§ **What is required**
Your answer should be the entries, repeated exactly.

§ **Given information**
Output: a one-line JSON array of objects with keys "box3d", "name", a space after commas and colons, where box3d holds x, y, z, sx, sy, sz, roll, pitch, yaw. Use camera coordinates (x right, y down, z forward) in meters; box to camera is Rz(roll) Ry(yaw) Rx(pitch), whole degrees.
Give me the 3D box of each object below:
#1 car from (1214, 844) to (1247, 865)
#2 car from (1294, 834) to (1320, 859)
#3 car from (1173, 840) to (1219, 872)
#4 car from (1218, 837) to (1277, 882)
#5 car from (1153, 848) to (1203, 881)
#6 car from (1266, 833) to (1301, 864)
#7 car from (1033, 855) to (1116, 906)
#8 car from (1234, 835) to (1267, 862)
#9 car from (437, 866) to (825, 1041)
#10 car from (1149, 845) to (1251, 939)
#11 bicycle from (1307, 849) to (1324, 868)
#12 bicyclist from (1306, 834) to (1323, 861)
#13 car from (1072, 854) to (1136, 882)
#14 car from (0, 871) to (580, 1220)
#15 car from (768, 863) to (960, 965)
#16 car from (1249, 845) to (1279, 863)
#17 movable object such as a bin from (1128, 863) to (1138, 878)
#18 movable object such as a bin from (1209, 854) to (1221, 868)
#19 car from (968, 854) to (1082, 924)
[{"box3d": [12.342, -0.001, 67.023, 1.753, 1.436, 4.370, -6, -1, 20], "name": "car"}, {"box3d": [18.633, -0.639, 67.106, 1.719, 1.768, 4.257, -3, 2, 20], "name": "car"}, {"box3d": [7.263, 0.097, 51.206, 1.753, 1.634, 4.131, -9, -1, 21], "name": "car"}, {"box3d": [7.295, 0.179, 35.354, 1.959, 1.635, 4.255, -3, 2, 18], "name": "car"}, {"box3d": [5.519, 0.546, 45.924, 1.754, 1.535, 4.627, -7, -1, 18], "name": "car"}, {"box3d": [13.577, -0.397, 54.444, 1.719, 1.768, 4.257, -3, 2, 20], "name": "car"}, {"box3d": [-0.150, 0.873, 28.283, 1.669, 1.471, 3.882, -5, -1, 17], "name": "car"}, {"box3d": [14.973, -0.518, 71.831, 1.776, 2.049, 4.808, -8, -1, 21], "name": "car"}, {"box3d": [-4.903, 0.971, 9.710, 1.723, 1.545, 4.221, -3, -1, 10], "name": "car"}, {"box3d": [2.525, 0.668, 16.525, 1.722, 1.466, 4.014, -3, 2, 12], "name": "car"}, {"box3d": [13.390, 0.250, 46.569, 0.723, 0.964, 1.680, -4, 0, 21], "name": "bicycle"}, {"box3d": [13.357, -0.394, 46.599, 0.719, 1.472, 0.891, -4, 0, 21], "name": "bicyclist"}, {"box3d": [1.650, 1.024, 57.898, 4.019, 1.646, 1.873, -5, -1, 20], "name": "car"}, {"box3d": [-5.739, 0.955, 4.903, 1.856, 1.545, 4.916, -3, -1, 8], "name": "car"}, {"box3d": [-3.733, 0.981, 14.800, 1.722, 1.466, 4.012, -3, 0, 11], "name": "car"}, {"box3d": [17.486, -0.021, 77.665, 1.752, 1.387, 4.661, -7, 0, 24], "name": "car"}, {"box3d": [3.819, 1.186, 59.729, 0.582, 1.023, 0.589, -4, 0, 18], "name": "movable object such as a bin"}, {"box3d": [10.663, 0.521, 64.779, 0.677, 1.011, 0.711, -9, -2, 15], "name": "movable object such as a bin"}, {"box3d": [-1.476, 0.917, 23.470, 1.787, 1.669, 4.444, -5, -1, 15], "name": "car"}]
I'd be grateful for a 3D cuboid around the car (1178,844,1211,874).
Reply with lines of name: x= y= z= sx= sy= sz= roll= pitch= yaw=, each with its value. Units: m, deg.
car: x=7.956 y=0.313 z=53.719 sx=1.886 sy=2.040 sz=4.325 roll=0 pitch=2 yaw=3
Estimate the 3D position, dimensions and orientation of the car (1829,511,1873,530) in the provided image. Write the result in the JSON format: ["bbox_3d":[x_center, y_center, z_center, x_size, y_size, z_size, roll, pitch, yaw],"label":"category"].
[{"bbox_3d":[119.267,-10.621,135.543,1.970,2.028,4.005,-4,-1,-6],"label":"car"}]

§ **Result of the task**
Output: a one-line JSON array of objects with keys "box3d", "name", a space after commas and colons, where box3d holds x, y, z, sx, sy, sz, roll, pitch, yaw. Use camera coordinates (x right, y down, z forward) in meters; box to camera is Rz(roll) Ry(yaw) Rx(pitch), whole degrees.
Give me the 3D box of each object below:
#1 car from (1214, 844) to (1247, 865)
#2 car from (1294, 834) to (1320, 859)
#3 car from (1173, 840) to (1219, 872)
#4 car from (1218, 837) to (1277, 882)
#5 car from (1153, 848) to (1203, 881)
#6 car from (1266, 833) to (1301, 864)
#7 car from (1033, 855) to (1116, 906)
#8 car from (1234, 835) to (1267, 862)
#9 car from (437, 866) to (825, 1041)
#10 car from (1149, 845) to (1251, 939)
#11 bicycle from (1307, 849) to (1324, 868)
#12 bicyclist from (1306, 834) to (1323, 861)
#13 car from (1072, 854) to (1136, 882)
#14 car from (0, 871) to (580, 1220)
#15 car from (768, 863) to (960, 965)
#16 car from (1249, 845) to (1279, 863)
#17 movable object such as a bin from (1128, 863) to (1138, 878)
#18 movable object such as a bin from (1209, 854) to (1221, 868)
#19 car from (968, 854) to (1082, 924)
[{"box3d": [12.342, -0.001, 67.023, 1.753, 1.436, 4.370, -6, -1, 20], "name": "car"}, {"box3d": [18.633, -0.639, 67.106, 1.719, 1.768, 4.257, -3, 2, 20], "name": "car"}, {"box3d": [7.263, 0.097, 51.206, 1.753, 1.634, 4.131, -9, -1, 21], "name": "car"}, {"box3d": [7.295, 0.179, 35.354, 1.959, 1.635, 4.255, -3, 2, 18], "name": "car"}, {"box3d": [5.519, 0.546, 45.924, 1.754, 1.535, 4.627, -7, -1, 18], "name": "car"}, {"box3d": [13.577, -0.397, 54.444, 1.719, 1.768, 4.257, -3, 2, 20], "name": "car"}, {"box3d": [-0.150, 0.873, 28.283, 1.669, 1.471, 3.882, -5, -1, 17], "name": "car"}, {"box3d": [14.973, -0.518, 71.831, 1.776, 2.049, 4.808, -8, -1, 21], "name": "car"}, {"box3d": [-4.903, 0.971, 9.710, 1.723, 1.545, 4.221, -3, -1, 10], "name": "car"}, {"box3d": [2.525, 0.668, 16.525, 1.722, 1.466, 4.014, -3, 2, 12], "name": "car"}, {"box3d": [13.390, 0.250, 46.569, 0.723, 0.964, 1.680, -4, 0, 21], "name": "bicycle"}, {"box3d": [13.357, -0.394, 46.599, 0.719, 1.472, 0.891, -4, 0, 21], "name": "bicyclist"}, {"box3d": [1.650, 1.024, 57.898, 4.019, 1.646, 1.873, -5, -1, 20], "name": "car"}, {"box3d": [-5.739, 0.955, 4.903, 1.856, 1.545, 4.916, -3, -1, 8], "name": "car"}, {"box3d": [-3.733, 0.981, 14.800, 1.722, 1.466, 4.012, -3, 0, 11], "name": "car"}, {"box3d": [17.486, -0.021, 77.665, 1.752, 1.387, 4.661, -7, 0, 24], "name": "car"}, {"box3d": [3.819, 1.186, 59.729, 0.582, 1.023, 0.589, -4, 0, 18], "name": "movable object such as a bin"}, {"box3d": [10.663, 0.521, 64.779, 0.677, 1.011, 0.711, -9, -2, 15], "name": "movable object such as a bin"}, {"box3d": [-1.476, 0.917, 23.470, 1.787, 1.669, 4.444, -5, -1, 15], "name": "car"}]
I'd be grateful for a 3D cuboid around the car (1178,844,1211,874).
Reply with lines of name: x= y= z= sx= sy= sz= roll= pitch= yaw=, each with its value. Units: m, deg.
car: x=7.956 y=0.313 z=53.719 sx=1.886 sy=2.040 sz=4.325 roll=0 pitch=2 yaw=3
Estimate the 3D position, dimensions and orientation of the car (1829,511,1873,530) in the provided image. Write the result in the JSON format: ["bbox_3d":[x_center, y_center, z_center, x_size, y_size, z_size, roll, pitch, yaw],"label":"category"].
[{"bbox_3d":[119.267,-10.621,135.543,1.970,2.028,4.005,-4,-1,-6],"label":"car"}]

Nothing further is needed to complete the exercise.